I am relatively new to all of this. Over the next year I will be working on becoming a CWI for my company. About a year ago I was hired as a manufacturing engineer over our weld shop (they knew I had very little weld experience), and I've been picking up as much as I can. I have been able to learn a lot just searching these forums.

Anyways, after meeting with our quality director, we realized our qualification process was not exactly meeting AWS standards... specifically we were not doing any mechanical testing when qualifying our welders to our WPS's. Since then, I have been going through all of our performance qualifications and making sure we are covering all of our bases. The biggest problem I have run into has been our AWS D1.6 testing.
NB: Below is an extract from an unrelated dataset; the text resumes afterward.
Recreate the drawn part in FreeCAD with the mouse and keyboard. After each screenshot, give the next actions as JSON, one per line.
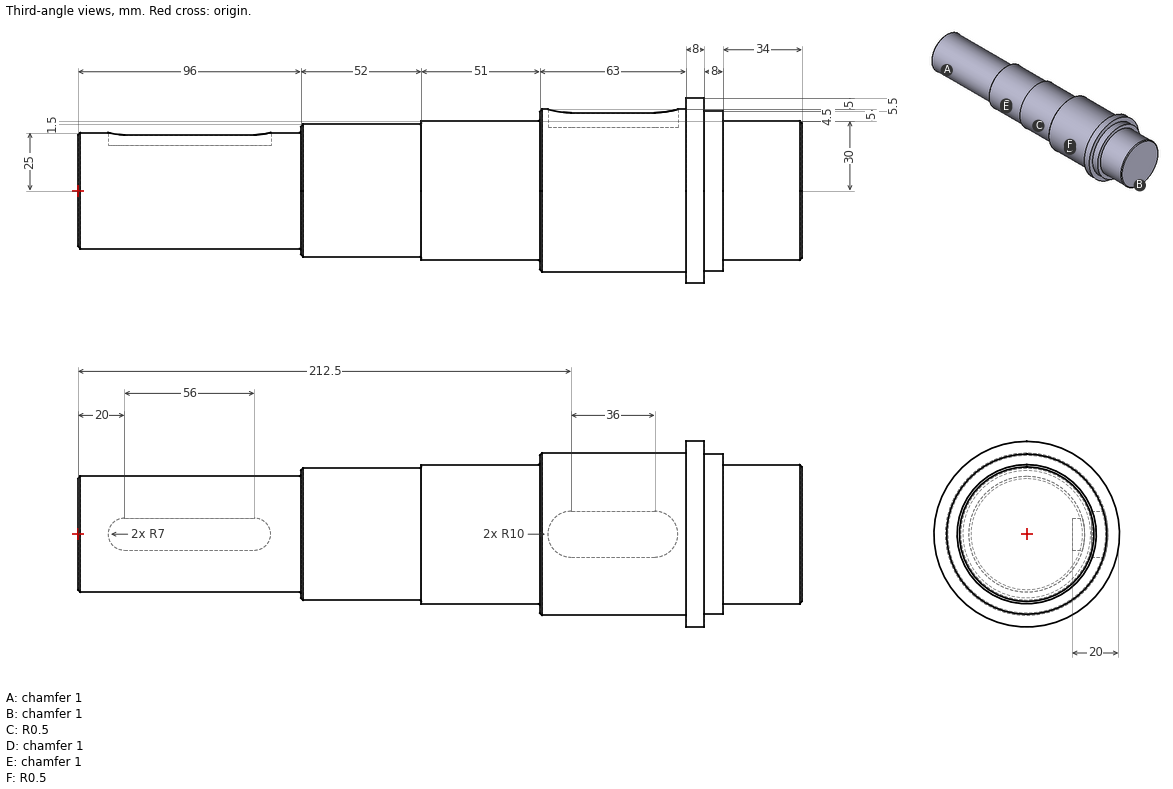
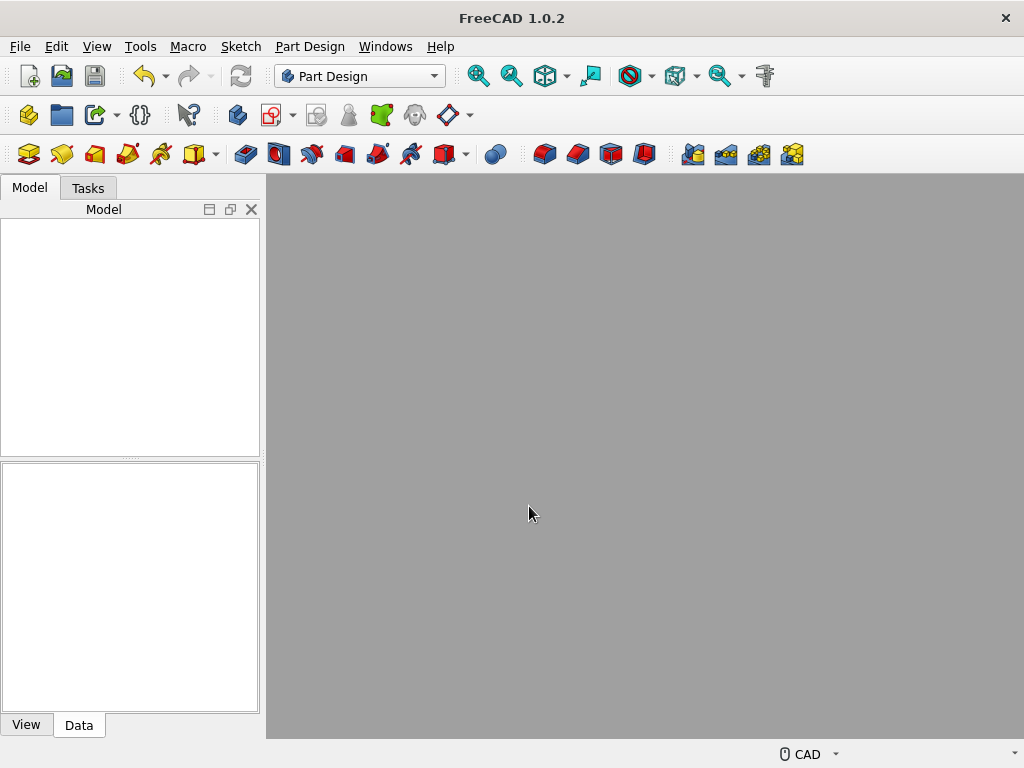
{"action": "key", "text": "ctrl+n"}

The range of thickness we weld inside the shop is 3-18 gauge (1/20"-1/4") sheets of metal (stainless, galvanized, carbon, and aluminum). It looks like we have been testing on 12 and 14 gauge, which from my understanding qualifies a thickness up to 2t (Table 6.8). So 12 gauge qualifies from 7/64" to 7/32" (5-12 gauge) and 14 gauge qualifies from 5/64" to 5/32" (9-14 gauge). Am I understanding this correctly? If so we have a lot of overlap in the qualified ranges and we aren't covering the entire range we need to.

Am I looking at this the right way? If not can someone point me in the right direction? Before I get completely into the actual mechanical testing for these, I want to make sure we are using the correct thicknesses for our performance qualification.
Parent - - By Steelslinger (**) Date 10-24-2018 12:47 Edited 10-25-2018 13:52
Using D1.6-2007 Structural Stainless Steel, Table 4.3, this is what I can come up with quickly,

12ga (0.109" or 7/64") would qualify Min 16ga (0.0625" or 1/16") to Max 5ga (0.218" or 7/32")

14ga (0.078" or 5/64") would qualify Min 16ga (0.0625" or 1/16") to Max 9ga (0.156" or 5/32")

To fully cover the spectrum (minus the 18ga), I would change the 12ga to 11ga.

11ga (0.125" or 1/8") would qualify Min 16ga (0.0625" or 1/16") to Max 3ga (0.250" or 1/4")

As D1.6 only covers down to 16ga, you would probably need to use D1.3 in conjunction with D1.6

* All decimal conversions approximate based on 15 US Code 206 (https://www.law.cornell.edu/uscode/text/15/206)
Parent - - By TX Weld ME Date 10-24-2018 20:50
I'm looking at AWS D1.6-2017 table 6.8.

Now that I'm looking at it again, I see for test coupons under 3/8" - "Deposited Weld Metal Thickness Qualified (t)" goes from a minimum 1/16" to 2t.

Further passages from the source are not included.